I view most mountains from a distance and derive my pleasure chiefly from their sculptural qualities. I have never been one for rating the natural world in league tables because I find every part of it awe-inspiring, from the most delicate wildflower to the bulk of a 500 million-year-old Scottish mountain. As my creative eye continues to evolve I also feel less inclined to record and romanticise these pristine landscapes with my camera, preferring instead to simply walk among them and respect them as uncorrupted places for admiration, contemplation and, as much as you can in a 60mph wind, a source of relaxation.

When nature is this majestic I increasingly feel I have little to add as a photographer. In the early days of my on-going landscape photography apprenticeship I did succumb to presenting these larger landscapes with a formulaic mix of foreground interest and benign blue-sky beauty (nothing wrong with that, you may reply). A few of these early ultra-wide angle images remain on this website, but most have been culled.
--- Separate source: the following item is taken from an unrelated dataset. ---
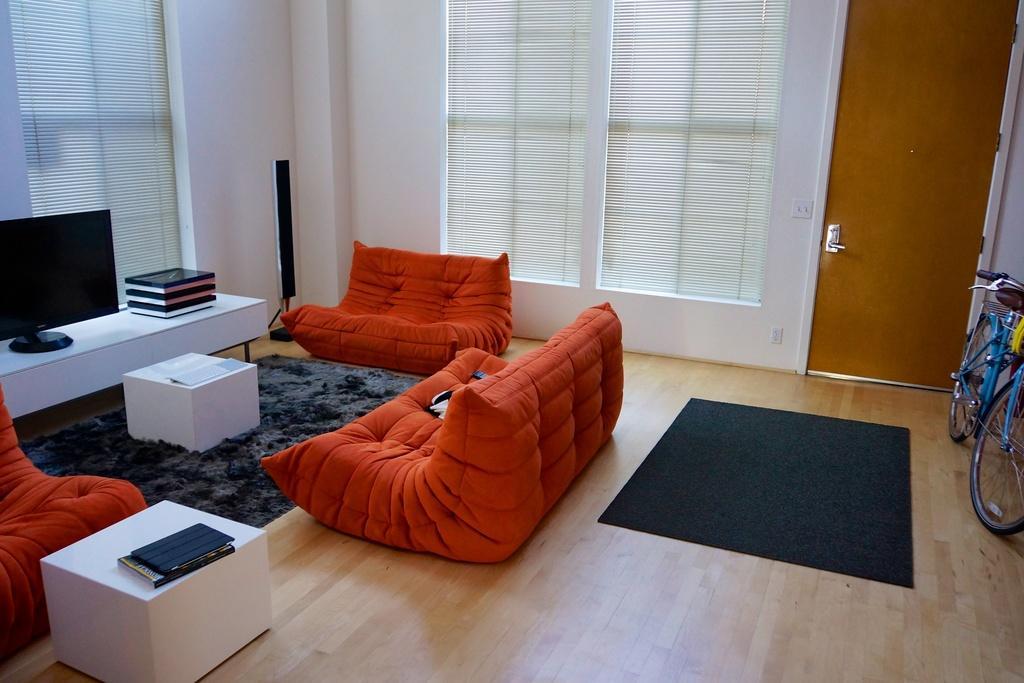Could you give a brief overview of what you see in this image? A picture of a room. This are couches in orange color. In-front of this cough there is a table. On a table there is a paper. On this white table there are boards and television. This are windows with curtain. Floor with carpets. On this table there are things. Beside this door there is a bicycle.

It was through spending considerable time looking at the work of photographers who avoid the formulaic and opt instead for a more individual approach to Britain's upland landscape that I began the development of my own interpretation. Today I still enjoy the inspiration that Colin Prior's early panoramic work brings, although my own style is heading in a very different direction. If you are familiar too with David Ward, Paul Wakefield and Joe Cornish's excellent Scottish mountain series you will understand why I find it stimulating when a photograph tells me as much or more about the person who made it rather than merely the destination to which they travelled.

Those grey skirts of February rain were eventually chased away from Upper Loch Torridon by a favourable front moving in from the Atlantic and a cloudless sky took their place. The vivid cobalt blue now above me excited my eye, but I could not raise the same level of interest in the view to Liathach. Higher altitude rain had fallen as icing sugar on the mountain's summit and the picture across the loch now matched the postcard I had seen in a Shieldaig gift shop a few hours earlier.

I chose to stay in woodland close to the loch's foreshore where I had enjoyed some shelter during the downpour sitting alongside a moss-velvet tree stump. As the sound of the rain ebbed away my ears soon began enjoying the hasty music being made by a fast-rising burn close by. Whenever clouds retreat I always endeavour to find a surface that can reflect the pure blue that appears above and I hoped the burn would have potential.

Being winter there was no leaf canopy to sap the strong directional light now streaming down on to the burn and as I stepped slowly alongside its rapid flow my eye was caught by the swirling movement of some winter grasses entwined around a sunken twig. I bent down to enjoy their corn-coloured beauty trapped and magnified under the rising flow and as I did the surface of the burn instantly reflected the sky above and exploded with the most fabulous electric blue.